The personal information dataset doesn’t have the type of content (movie or TV show) since both datasets have a common Colunm (‘Title’) I’m trying to merge both datasets usiung the following code:.
Netflix Originals = netflix_processed.
Netflix personal Data = netflix_updated

result1 = netflix_processed.merge(netflix_updated, indicator=True, how=‘outer’)

When I review the new dataset
result1.shape
(85121, 15)

Since the Netflix Originals contanis all the data from netflix and the personal data only have the title available for the country of the accounts, only should have the comun titles, but when I run the shape in the personal data is diffirent.
(7267, 7)

What could be doing wrong?

I’m sorry I might not understand it fully, are there titles in your Netflix personal dataframe that are not included in the Netflix Originals dataframe?
I think you are getting more rows and columns than you expected because you are using ‘outer’ merge.
If you want to keep all the data from the Netflix Originals dataframe and only add title from the Netflix personal dataframe that are in the Netflix Original dataframe as well then ‘left’ merge might be more appropriate.
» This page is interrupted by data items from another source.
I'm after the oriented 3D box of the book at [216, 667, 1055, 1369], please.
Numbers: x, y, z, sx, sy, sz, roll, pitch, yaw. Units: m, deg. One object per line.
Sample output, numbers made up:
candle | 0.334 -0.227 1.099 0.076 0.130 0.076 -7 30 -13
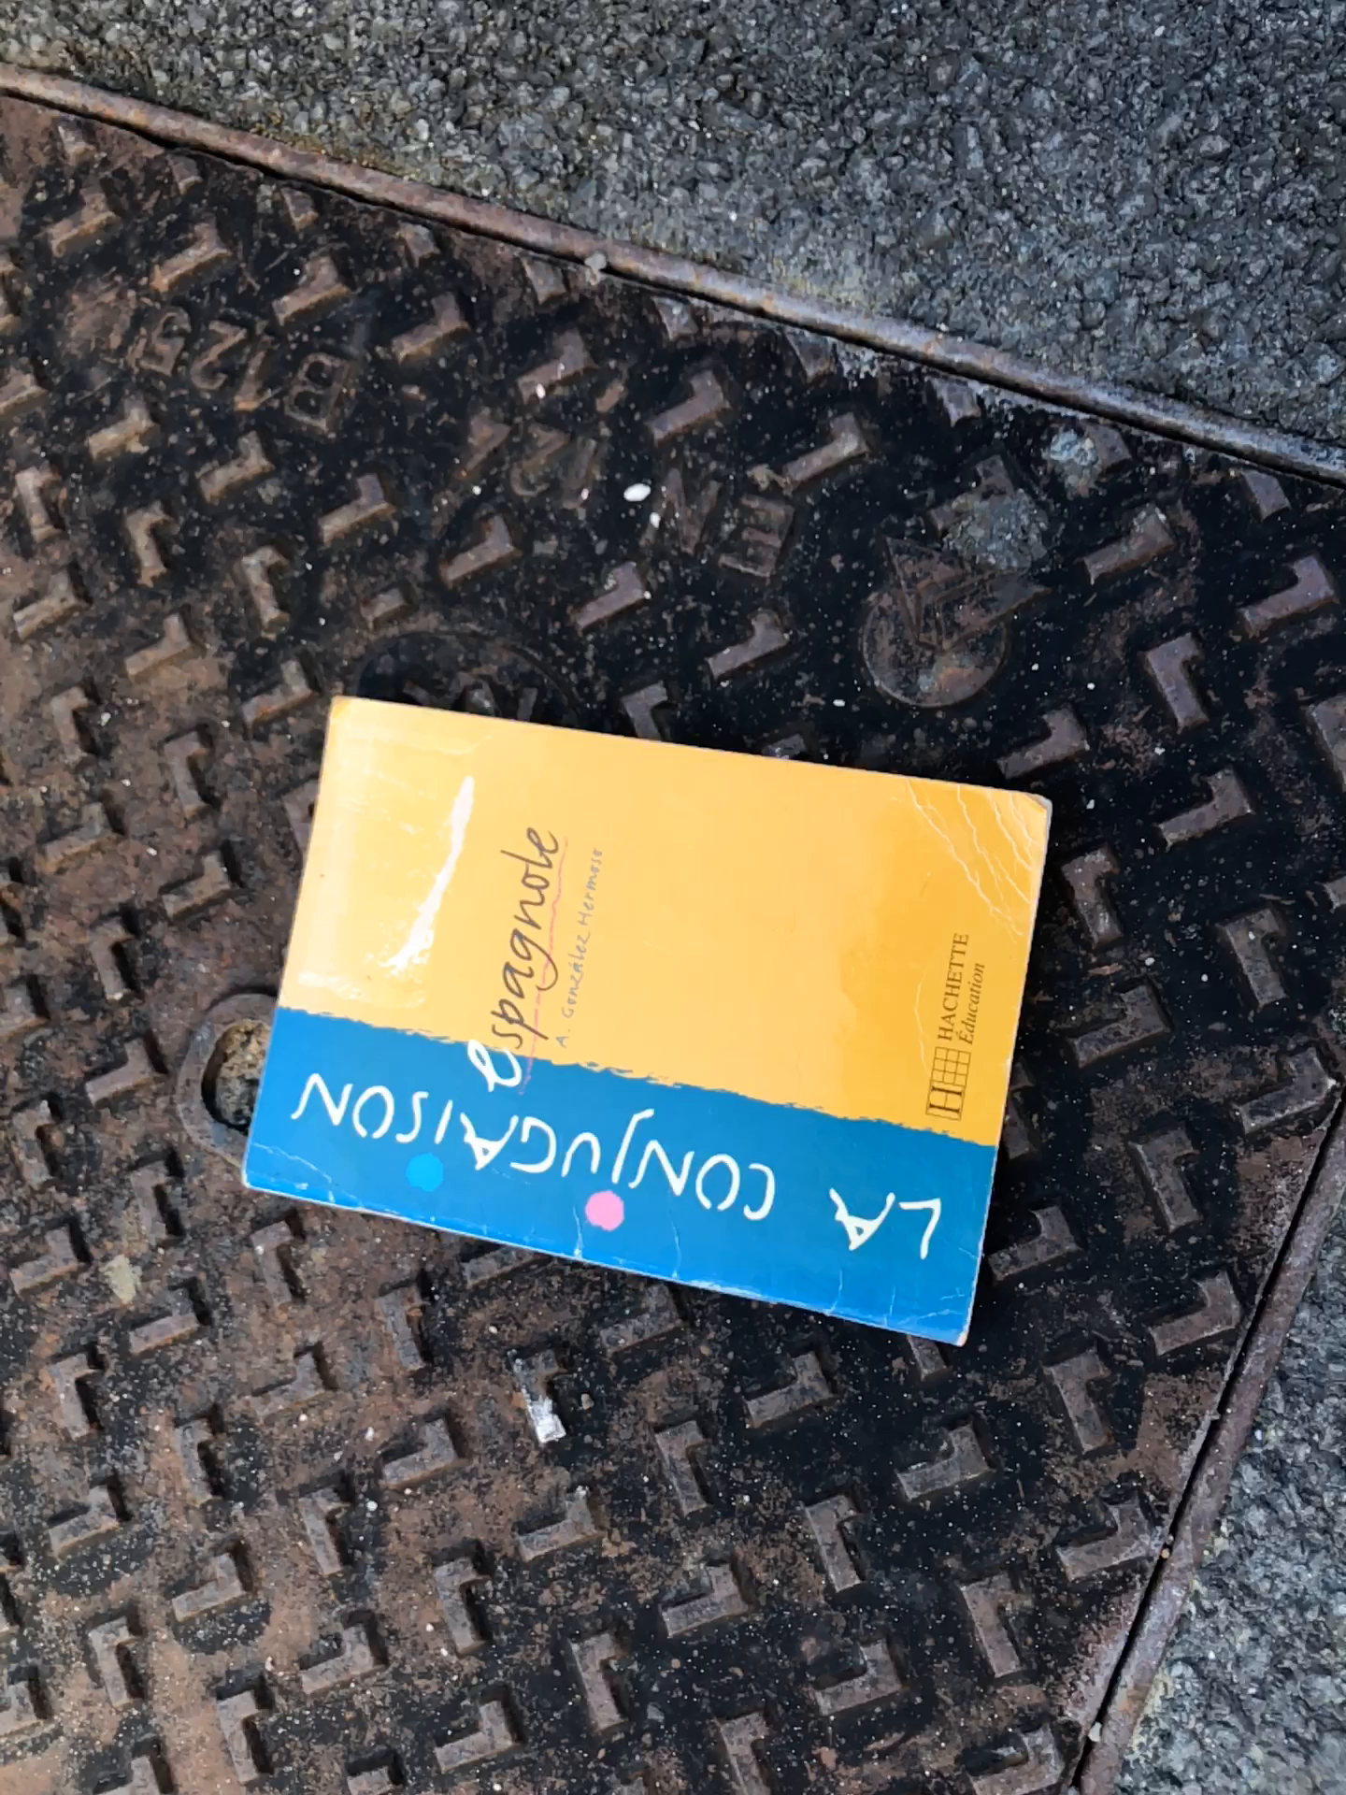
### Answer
book | -0.012 0.024 0.372 0.187 0.017 0.140 9 85 13

Or ‘inner’ merge in case you only want to keep data that are present in both dataframes.

It seems to be a fun project! Good luck!

Thanks for your response!!
Let me try to be more clear on this.
The Netflix originals has an information that user data doesn’t have witch is the “Type” but the comon column is the “Title” but my doubt is why when merge both datasets now has more rows than the user data one, since should take only the title in both datasets.
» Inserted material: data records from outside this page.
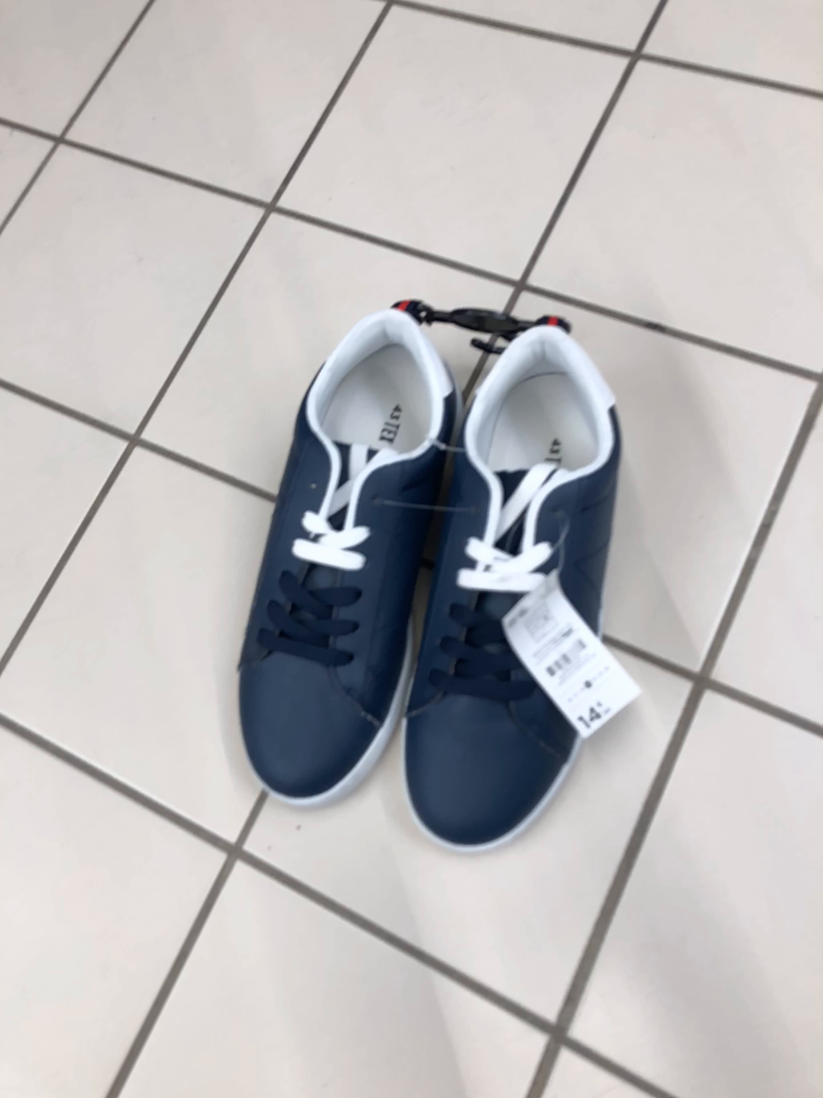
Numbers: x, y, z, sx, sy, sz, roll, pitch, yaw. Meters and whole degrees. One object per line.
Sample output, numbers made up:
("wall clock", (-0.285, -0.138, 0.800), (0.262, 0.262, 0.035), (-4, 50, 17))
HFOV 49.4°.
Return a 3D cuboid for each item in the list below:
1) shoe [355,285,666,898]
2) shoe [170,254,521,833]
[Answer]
("shoe", (0.061, 0.018, 0.473), (0.100, 0.100, 0.290), (8, 74, 13))
("shoe", (-0.022, -0.004, 0.493), (0.100, 0.100, 0.290), (10, 74, 14))

Does the Netflix Originals dataset contain all the movie/show titles from your personal data?

Yes, since have all the Netflix titles,

Even if they are both in Netflix, they might not have the same titles. Your personal dataset might include movies/shows that are not Netflix “Originals” or only available in your region. Also, it depends on when the data for the two datasets were collected, the newer dataset might have titles that weren’t available when the first one was collected.
Have you checked if they are the same?

trying to see steps how to compare the name in both columns, you have any sugestions?

I used this line
merged = pd.merge(netflix_processed, netflix_updated, on=[‘title’])

when the dataset is finish I have a new column called _merge and show Three options
left_only
right_only
both

I attach the final CSV.
https://drive.google.com/file/d/1u9Oz04a5txNtyeqddbdK9uTBporsTSBU/view?usp=sharing

I’ve just sent you as request to grant me access to check your csv.
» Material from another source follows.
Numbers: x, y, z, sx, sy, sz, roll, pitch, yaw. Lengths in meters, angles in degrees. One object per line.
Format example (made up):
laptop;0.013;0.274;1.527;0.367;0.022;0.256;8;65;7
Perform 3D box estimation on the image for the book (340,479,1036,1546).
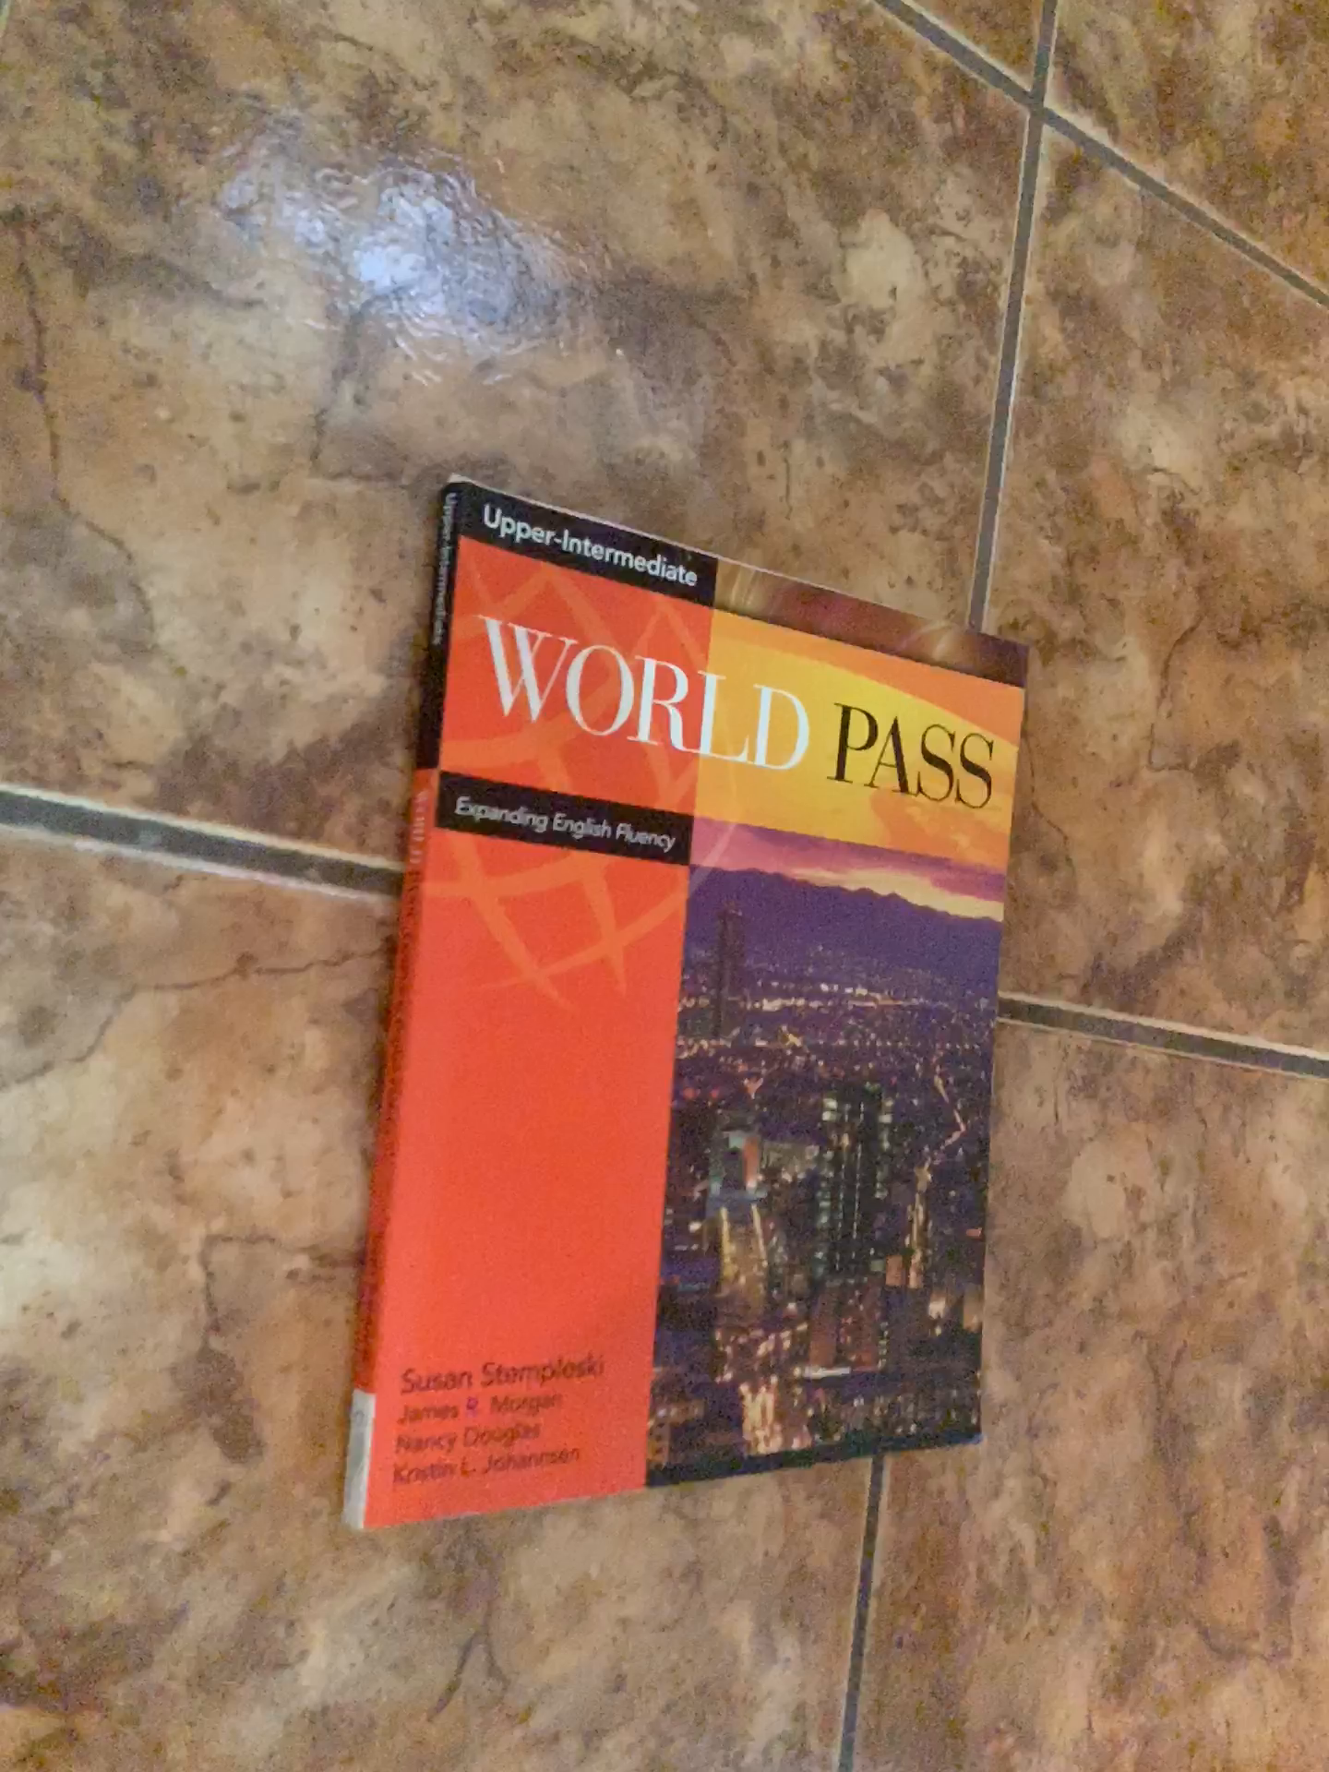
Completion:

I’m a beginner as well, so I don’t know what’s the best way to compare for common titles.
One way I can think of is using merge :smiley: Using ‘inner’ merge will return only the titles that are common!

access granted, but I found the problem,

there’s a title present in the user dataset but not present on the netflix titles.

I’m glad you managed to figure it out! Good luck with your project!